Le délai d’un mois minimum, sauf circonstances exceptionnelles, imposé à l’employeur par le passé pour modifier les dates de départ devient supplétif. Cela signifie donc qu’un accord pourra prévoir un délai moindre !

    • Les congés peuvent désormais être pris dès l’embauche et non plus à compter de l’ouverture des droits.
À SAVOIR
Cela suppose, bien évidemment que le salarié ait acquis des droits avant de les poser. Ce droit ne pourra s’exercer qu’à condition que la période de prise des congés soit ouverte et que l’ordre des départs en congés soit respecté.

ORDRE DES DÉPARTS

Parmi les critères légaux retenus et applicables à défaut de stipulation d’un accord sur ce point, un nouveau critère fait son apparition : « la présence au sein du foyer d’un enfant ou d’un adulte handicapé ou d’une personne âgée en perte d’autonomie ».
Ce même critère est d’ailleurs retenu (mais cette fois-ci dans l’ordre public) pour permettre à un salarié de prolonger son congé au-delà de la limite légale de 24 jours ouvrables (art. L 3141-17 nouveau du code du travail) ou pour lui accorder un congé majoré (art. L 3141-10 du code du travail).

Les critères retenus pour déterminer l’ordre des départs en congés ne sont que supplétifs. Il est donc possible d’en déterminer d’autres par accord collectif.

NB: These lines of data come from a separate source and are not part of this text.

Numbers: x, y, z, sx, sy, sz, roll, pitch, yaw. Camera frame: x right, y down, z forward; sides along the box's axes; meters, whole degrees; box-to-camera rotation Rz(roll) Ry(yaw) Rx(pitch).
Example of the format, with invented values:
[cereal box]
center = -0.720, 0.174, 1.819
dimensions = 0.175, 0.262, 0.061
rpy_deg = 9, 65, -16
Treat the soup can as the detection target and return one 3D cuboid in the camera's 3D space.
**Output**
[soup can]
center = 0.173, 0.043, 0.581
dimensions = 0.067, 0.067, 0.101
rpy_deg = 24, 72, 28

Désormais, en l’absence de convention ou d’accord fixant la période de prise des congés payés et l’ordre des départs, il appartient à l’employeur de les fixer, après avis, le cas échéant, du comité d’entreprise et des délégués du personnel.

RAPPEL
Jusqu’à présent, si les deux instances étaient consultées, seuls les DP étaient appelés à rendre un avis, s’agissant de l’ordre des départs.

INDEMNITÉ DE LICENCIEMENT

L’article L 3141-29 nouveau du code du travail prévoit que l’indemnité de congés payés est due, que la rupture du contrat résulte de l’employeur ou du salarié.

À SAVOIR
La question de l’indemnité de licenciement en cas de faute lourde est enfin réglée. La disposition visant à priver le salarié de son indemnité de congés payés en cas de faute lourde, déclarée inconstitu-tionnelle à l’occasion d’une QPC (Conseil constitutionnel, 2-3-16, n°2015-523 QPC) est supprimée par la loi.

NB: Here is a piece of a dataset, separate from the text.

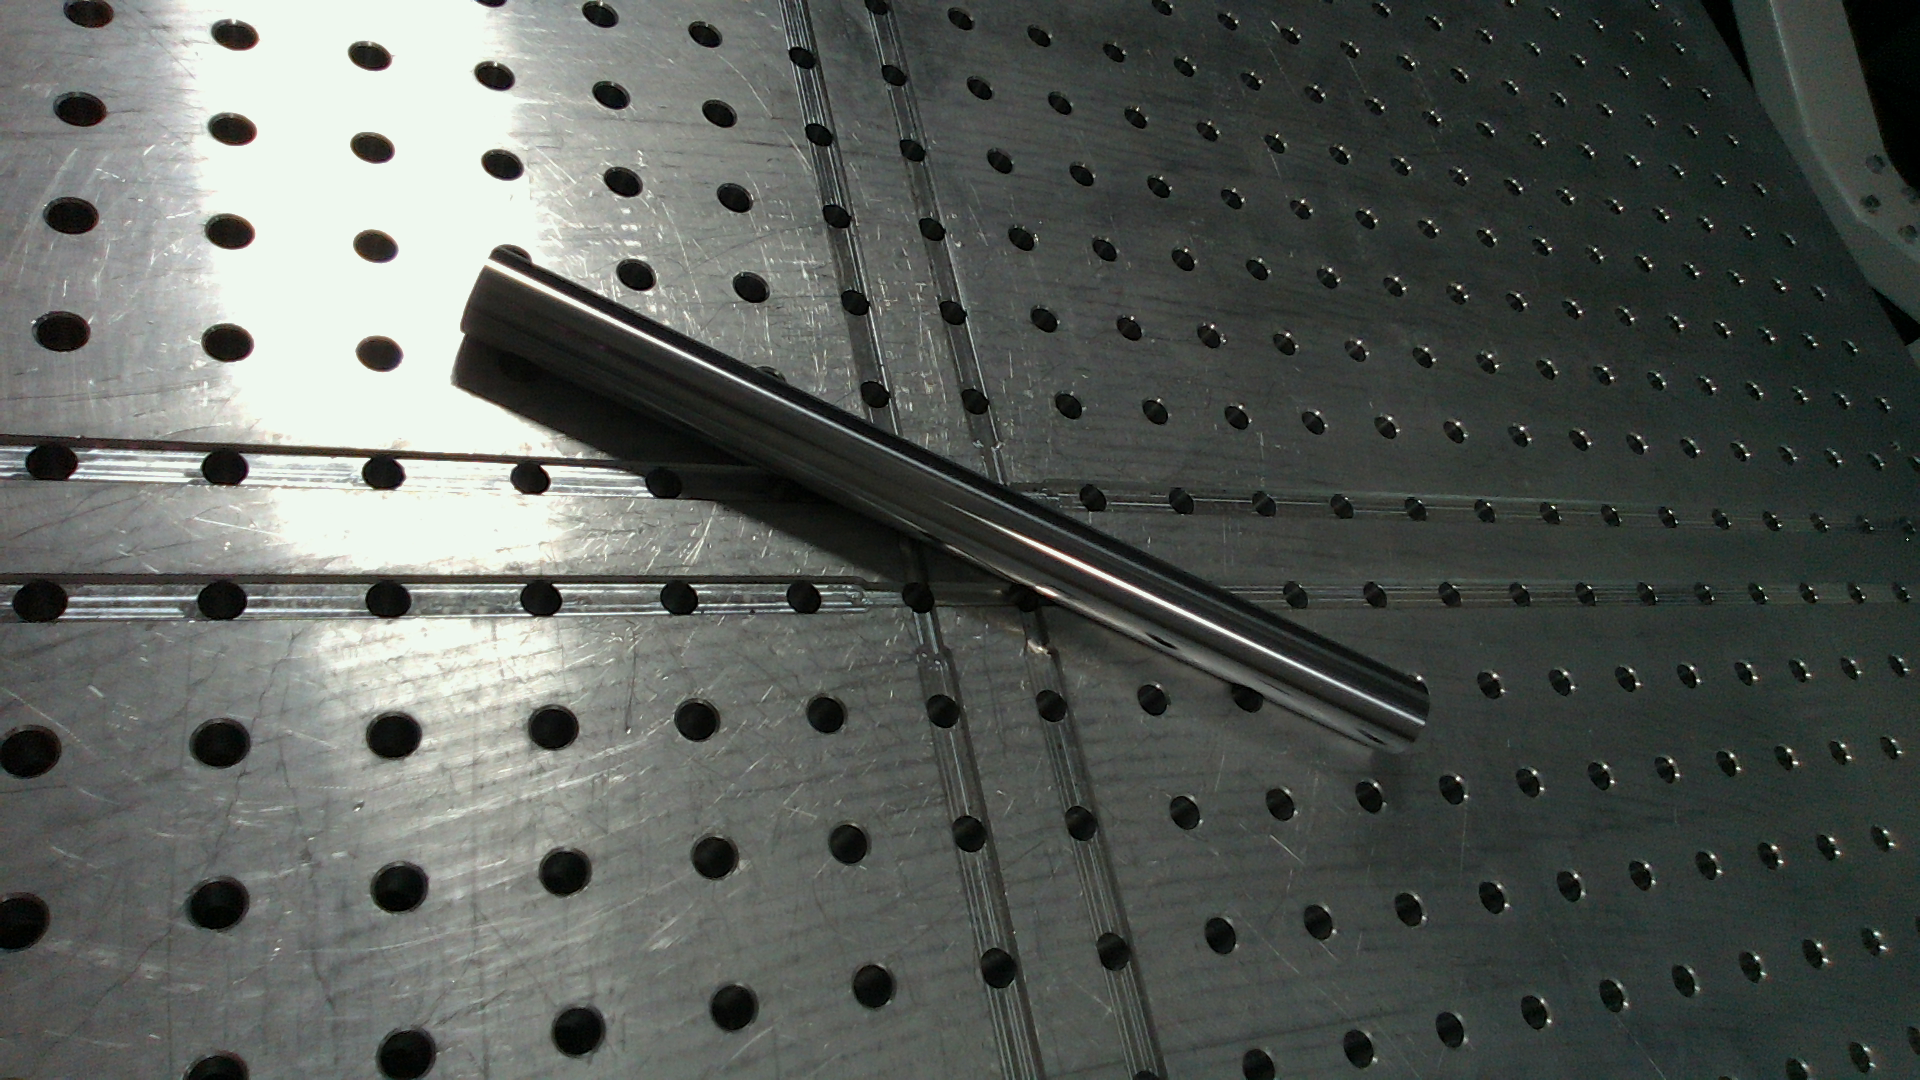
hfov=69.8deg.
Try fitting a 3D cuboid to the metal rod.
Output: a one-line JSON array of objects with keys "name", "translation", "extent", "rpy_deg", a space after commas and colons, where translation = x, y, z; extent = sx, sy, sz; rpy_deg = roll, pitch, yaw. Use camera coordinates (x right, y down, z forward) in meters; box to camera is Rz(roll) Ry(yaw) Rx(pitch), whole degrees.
[{"name": "metal rod", "translation": [0.006, -0.005, 0.399], "extent": [0.300, 0.025, 0.025], "rpy_deg": [24, 53, -13]}]

Le législateur n’a pas profité de l’occasion pour mettre notre législation sur les congés payés en conformité avec le droit européen, en particulier en matière d’incidence de la maladie sur les congés payés.
FO poursuit donc son action en responsabilité contre l’État pour non transposition des directives européennes, en particulier celle relative au temps de travail (directive 2003/88).

LES JOURS FÉRIÉS

Les dispositions relatives aux jours fériés sont également réorganisées pour tenir compte de la nouvelle architecture en trois niveaux.

À SAVOIR
Restent exclus de ce dispositif les travailleurs à domicile, les salariés intermittents et les salariés temporaires.

Relèvent de l’ordre public :

  • la liste des jours fériés (qui reste inchangée) ;
  • le maintien du salaire dont le principe est étendu, par le législateur, aux salariés saisonniers cumulant une ancienneté, consécutive ou non d’au moins trois mois dans l’entreprise ;
  • la non récupération des heures de travail perdues en cas de chômage des jours fériés dans l’entreprise ;
  • les règles applicables au 1er Mai.

La liste des jours fériés chômés dans l’entreprise est déterminée par accord d’entreprise ou, à défaut, par accord de branche.

En raison du principe de l’inversion de la hiérarchie des normes, un accord d’entreprise même moins favorable qu’un accord de branche s’appliquera en priorité aux salariés !

À défaut d’accord, l’employeur détermine les jours fériés chômés dans son entreprise.

À SAVOIR
Un nouvel article L 3422-2 du code du travail énumère les différents jours fériés qui seront consacrés à la commémoration de l’abolition de l’esclavage dans les DOM, à Saint Barthélémy et à Saint Martin.